I pulled up Wireshark and started examining the ARP responses for said given host.  I detected that the ARP given for the vm's IP varied among the bonded adapters - I half expected this, since mode-6 is supposed to load-balance automatically.  However, when I started pinging FROM my vm TO my Wireshark machine, the MAC in my cache suddenly changes to the vm's actual MAC.  Once the pinging is stopped, the MAC eventually reverts to one of the physical adapters.

To sum up: pinging WS -> VM = bond MAC, whereas pinging VM -> WS = VM MAC.  It's like the VM's pings become unintentional gratuitous ARPs.
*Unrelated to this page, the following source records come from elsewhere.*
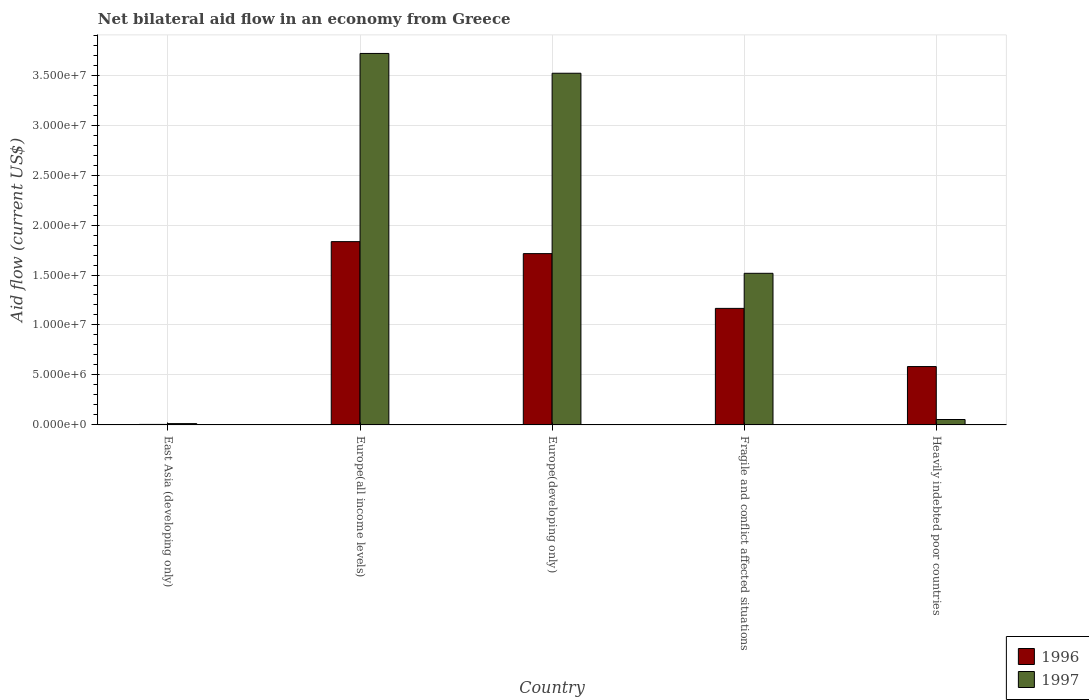How many different coloured bars are there?
Give a very brief answer. 2. Are the number of bars on each tick of the X-axis equal?
Offer a terse response. Yes. How many bars are there on the 4th tick from the right?
Make the answer very short. 2. What is the label of the 4th group of bars from the left?
Your answer should be compact. Fragile and conflict affected situations. What is the net bilateral aid flow in 1996 in Fragile and conflict affected situations?
Keep it short and to the point. 1.17e+07. Across all countries, what is the maximum net bilateral aid flow in 1996?
Provide a short and direct response. 1.83e+07. In which country was the net bilateral aid flow in 1996 maximum?
Offer a very short reply. Europe(all income levels). In which country was the net bilateral aid flow in 1997 minimum?
Your answer should be compact. East Asia (developing only). What is the total net bilateral aid flow in 1997 in the graph?
Ensure brevity in your answer.  8.82e+07. What is the difference between the net bilateral aid flow in 1996 in Europe(developing only) and that in Heavily indebted poor countries?
Your response must be concise. 1.13e+07. What is the difference between the net bilateral aid flow in 1997 in Heavily indebted poor countries and the net bilateral aid flow in 1996 in Europe(developing only)?
Ensure brevity in your answer.  -1.66e+07. What is the average net bilateral aid flow in 1997 per country?
Offer a very short reply. 1.76e+07. What is the difference between the net bilateral aid flow of/in 1997 and net bilateral aid flow of/in 1996 in Europe(all income levels)?
Your answer should be very brief. 1.88e+07. In how many countries, is the net bilateral aid flow in 1997 greater than 14000000 US$?
Offer a terse response. 3. What is the ratio of the net bilateral aid flow in 1996 in Europe(developing only) to that in Fragile and conflict affected situations?
Offer a terse response. 1.47. What is the difference between the highest and the second highest net bilateral aid flow in 1997?
Your answer should be very brief. 1.98e+06. What is the difference between the highest and the lowest net bilateral aid flow in 1996?
Provide a short and direct response. 1.83e+07. What does the 1st bar from the right in Fragile and conflict affected situations represents?
Keep it short and to the point. 1997. What is the difference between two consecutive major ticks on the Y-axis?
Your response must be concise. 5.00e+06. Are the values on the major ticks of Y-axis written in scientific E-notation?
Keep it short and to the point. Yes. Does the graph contain any zero values?
Offer a very short reply. No. How many legend labels are there?
Your response must be concise. 2. How are the legend labels stacked?
Your answer should be compact. Vertical. What is the title of the graph?
Your answer should be compact. Net bilateral aid flow in an economy from Greece. What is the label or title of the Y-axis?
Provide a succinct answer. Aid flow (current US$). What is the Aid flow (current US$) of 1997 in East Asia (developing only)?
Keep it short and to the point. 1.30e+05. What is the Aid flow (current US$) in 1996 in Europe(all income levels)?
Your answer should be very brief. 1.83e+07. What is the Aid flow (current US$) in 1997 in Europe(all income levels)?
Your response must be concise. 3.72e+07. What is the Aid flow (current US$) of 1996 in Europe(developing only)?
Your response must be concise. 1.71e+07. What is the Aid flow (current US$) of 1997 in Europe(developing only)?
Your answer should be very brief. 3.52e+07. What is the Aid flow (current US$) in 1996 in Fragile and conflict affected situations?
Your answer should be compact. 1.17e+07. What is the Aid flow (current US$) in 1997 in Fragile and conflict affected situations?
Your answer should be compact. 1.52e+07. What is the Aid flow (current US$) of 1996 in Heavily indebted poor countries?
Provide a succinct answer. 5.84e+06. What is the Aid flow (current US$) of 1997 in Heavily indebted poor countries?
Ensure brevity in your answer.  5.40e+05. Across all countries, what is the maximum Aid flow (current US$) in 1996?
Make the answer very short. 1.83e+07. Across all countries, what is the maximum Aid flow (current US$) of 1997?
Keep it short and to the point. 3.72e+07. Across all countries, what is the minimum Aid flow (current US$) in 1996?
Your answer should be compact. 5.00e+04. What is the total Aid flow (current US$) in 1996 in the graph?
Your answer should be very brief. 5.30e+07. What is the total Aid flow (current US$) in 1997 in the graph?
Your answer should be very brief. 8.82e+07. What is the difference between the Aid flow (current US$) in 1996 in East Asia (developing only) and that in Europe(all income levels)?
Your answer should be very brief. -1.83e+07. What is the difference between the Aid flow (current US$) in 1997 in East Asia (developing only) and that in Europe(all income levels)?
Provide a succinct answer. -3.70e+07. What is the difference between the Aid flow (current US$) in 1996 in East Asia (developing only) and that in Europe(developing only)?
Keep it short and to the point. -1.71e+07. What is the difference between the Aid flow (current US$) of 1997 in East Asia (developing only) and that in Europe(developing only)?
Your response must be concise. -3.51e+07. What is the difference between the Aid flow (current US$) in 1996 in East Asia (developing only) and that in Fragile and conflict affected situations?
Give a very brief answer. -1.16e+07. What is the difference between the Aid flow (current US$) of 1997 in East Asia (developing only) and that in Fragile and conflict affected situations?
Your answer should be compact. -1.50e+07. What is the difference between the Aid flow (current US$) in 1996 in East Asia (developing only) and that in Heavily indebted poor countries?
Provide a short and direct response. -5.79e+06. What is the difference between the Aid flow (current US$) of 1997 in East Asia (developing only) and that in Heavily indebted poor countries?
Give a very brief answer. -4.10e+05. What is the difference between the Aid flow (current US$) in 1996 in Europe(all income levels) and that in Europe(developing only)?
Offer a very short reply. 1.20e+06. What is the difference between the Aid flow (current US$) in 1997 in Europe(all income levels) and that in Europe(developing only)?
Give a very brief answer. 1.98e+06. What is the difference between the Aid flow (current US$) in 1996 in Europe(all income levels) and that in Fragile and conflict affected situations?
Make the answer very short. 6.68e+06. What is the difference between the Aid flow (current US$) of 1997 in Europe(all income levels) and that in Fragile and conflict affected situations?
Your response must be concise. 2.20e+07. What is the difference between the Aid flow (current US$) of 1996 in Europe(all income levels) and that in Heavily indebted poor countries?
Your response must be concise. 1.25e+07. What is the difference between the Aid flow (current US$) of 1997 in Europe(all income levels) and that in Heavily indebted poor countries?
Ensure brevity in your answer.  3.66e+07. What is the difference between the Aid flow (current US$) in 1996 in Europe(developing only) and that in Fragile and conflict affected situations?
Give a very brief answer. 5.48e+06. What is the difference between the Aid flow (current US$) in 1997 in Europe(developing only) and that in Fragile and conflict affected situations?
Offer a very short reply. 2.00e+07. What is the difference between the Aid flow (current US$) in 1996 in Europe(developing only) and that in Heavily indebted poor countries?
Provide a short and direct response. 1.13e+07. What is the difference between the Aid flow (current US$) of 1997 in Europe(developing only) and that in Heavily indebted poor countries?
Provide a succinct answer. 3.46e+07. What is the difference between the Aid flow (current US$) of 1996 in Fragile and conflict affected situations and that in Heavily indebted poor countries?
Make the answer very short. 5.82e+06. What is the difference between the Aid flow (current US$) of 1997 in Fragile and conflict affected situations and that in Heavily indebted poor countries?
Your answer should be very brief. 1.46e+07. What is the difference between the Aid flow (current US$) of 1996 in East Asia (developing only) and the Aid flow (current US$) of 1997 in Europe(all income levels)?
Your answer should be compact. -3.71e+07. What is the difference between the Aid flow (current US$) of 1996 in East Asia (developing only) and the Aid flow (current US$) of 1997 in Europe(developing only)?
Your answer should be compact. -3.51e+07. What is the difference between the Aid flow (current US$) of 1996 in East Asia (developing only) and the Aid flow (current US$) of 1997 in Fragile and conflict affected situations?
Give a very brief answer. -1.51e+07. What is the difference between the Aid flow (current US$) of 1996 in East Asia (developing only) and the Aid flow (current US$) of 1997 in Heavily indebted poor countries?
Give a very brief answer. -4.90e+05. What is the difference between the Aid flow (current US$) of 1996 in Europe(all income levels) and the Aid flow (current US$) of 1997 in Europe(developing only)?
Give a very brief answer. -1.68e+07. What is the difference between the Aid flow (current US$) in 1996 in Europe(all income levels) and the Aid flow (current US$) in 1997 in Fragile and conflict affected situations?
Your response must be concise. 3.17e+06. What is the difference between the Aid flow (current US$) of 1996 in Europe(all income levels) and the Aid flow (current US$) of 1997 in Heavily indebted poor countries?
Ensure brevity in your answer.  1.78e+07. What is the difference between the Aid flow (current US$) of 1996 in Europe(developing only) and the Aid flow (current US$) of 1997 in Fragile and conflict affected situations?
Your answer should be compact. 1.97e+06. What is the difference between the Aid flow (current US$) in 1996 in Europe(developing only) and the Aid flow (current US$) in 1997 in Heavily indebted poor countries?
Offer a very short reply. 1.66e+07. What is the difference between the Aid flow (current US$) of 1996 in Fragile and conflict affected situations and the Aid flow (current US$) of 1997 in Heavily indebted poor countries?
Offer a very short reply. 1.11e+07. What is the average Aid flow (current US$) in 1996 per country?
Your answer should be very brief. 1.06e+07. What is the average Aid flow (current US$) in 1997 per country?
Offer a terse response. 1.76e+07. What is the difference between the Aid flow (current US$) of 1996 and Aid flow (current US$) of 1997 in East Asia (developing only)?
Give a very brief answer. -8.00e+04. What is the difference between the Aid flow (current US$) of 1996 and Aid flow (current US$) of 1997 in Europe(all income levels)?
Your answer should be very brief. -1.88e+07. What is the difference between the Aid flow (current US$) in 1996 and Aid flow (current US$) in 1997 in Europe(developing only)?
Provide a succinct answer. -1.80e+07. What is the difference between the Aid flow (current US$) of 1996 and Aid flow (current US$) of 1997 in Fragile and conflict affected situations?
Ensure brevity in your answer.  -3.51e+06. What is the difference between the Aid flow (current US$) in 1996 and Aid flow (current US$) in 1997 in Heavily indebted poor countries?
Offer a terse response. 5.30e+06. What is the ratio of the Aid flow (current US$) in 1996 in East Asia (developing only) to that in Europe(all income levels)?
Make the answer very short. 0. What is the ratio of the Aid flow (current US$) of 1997 in East Asia (developing only) to that in Europe(all income levels)?
Offer a terse response. 0. What is the ratio of the Aid flow (current US$) in 1996 in East Asia (developing only) to that in Europe(developing only)?
Your answer should be compact. 0. What is the ratio of the Aid flow (current US$) of 1997 in East Asia (developing only) to that in Europe(developing only)?
Ensure brevity in your answer.  0. What is the ratio of the Aid flow (current US$) in 1996 in East Asia (developing only) to that in Fragile and conflict affected situations?
Your answer should be compact. 0. What is the ratio of the Aid flow (current US$) in 1997 in East Asia (developing only) to that in Fragile and conflict affected situations?
Provide a short and direct response. 0.01. What is the ratio of the Aid flow (current US$) in 1996 in East Asia (developing only) to that in Heavily indebted poor countries?
Your response must be concise. 0.01. What is the ratio of the Aid flow (current US$) of 1997 in East Asia (developing only) to that in Heavily indebted poor countries?
Your response must be concise. 0.24. What is the ratio of the Aid flow (current US$) in 1996 in Europe(all income levels) to that in Europe(developing only)?
Your response must be concise. 1.07. What is the ratio of the Aid flow (current US$) in 1997 in Europe(all income levels) to that in Europe(developing only)?
Your answer should be very brief. 1.06. What is the ratio of the Aid flow (current US$) in 1996 in Europe(all income levels) to that in Fragile and conflict affected situations?
Give a very brief answer. 1.57. What is the ratio of the Aid flow (current US$) in 1997 in Europe(all income levels) to that in Fragile and conflict affected situations?
Provide a short and direct response. 2.45. What is the ratio of the Aid flow (current US$) of 1996 in Europe(all income levels) to that in Heavily indebted poor countries?
Offer a very short reply. 3.14. What is the ratio of the Aid flow (current US$) in 1997 in Europe(all income levels) to that in Heavily indebted poor countries?
Offer a terse response. 68.83. What is the ratio of the Aid flow (current US$) of 1996 in Europe(developing only) to that in Fragile and conflict affected situations?
Keep it short and to the point. 1.47. What is the ratio of the Aid flow (current US$) in 1997 in Europe(developing only) to that in Fragile and conflict affected situations?
Keep it short and to the point. 2.32. What is the ratio of the Aid flow (current US$) in 1996 in Europe(developing only) to that in Heavily indebted poor countries?
Offer a very short reply. 2.93. What is the ratio of the Aid flow (current US$) of 1997 in Europe(developing only) to that in Heavily indebted poor countries?
Offer a terse response. 65.17. What is the ratio of the Aid flow (current US$) in 1996 in Fragile and conflict affected situations to that in Heavily indebted poor countries?
Your response must be concise. 2. What is the ratio of the Aid flow (current US$) of 1997 in Fragile and conflict affected situations to that in Heavily indebted poor countries?
Your answer should be compact. 28.09. What is the difference between the highest and the second highest Aid flow (current US$) of 1996?
Give a very brief answer. 1.20e+06. What is the difference between the highest and the second highest Aid flow (current US$) of 1997?
Offer a very short reply. 1.98e+06. What is the difference between the highest and the lowest Aid flow (current US$) in 1996?
Make the answer very short. 1.83e+07. What is the difference between the highest and the lowest Aid flow (current US$) in 1997?
Your answer should be very brief. 3.70e+07.

So, what's the deal here?  Is this "working right" and my problem with intermittent connectivity somewhere else?  Is it normal for either the bridge or the bond to reply with their own selective MAC address to ARP requests?  But then why bother doing that when you could just as easily let the VM publish its own response?  Obviously the MAC isn't getting nuked when the VM transmits, since it appears in my ARP cache during that ping experiment.....   ??  I get the feeling there is a setting that needs to be modified.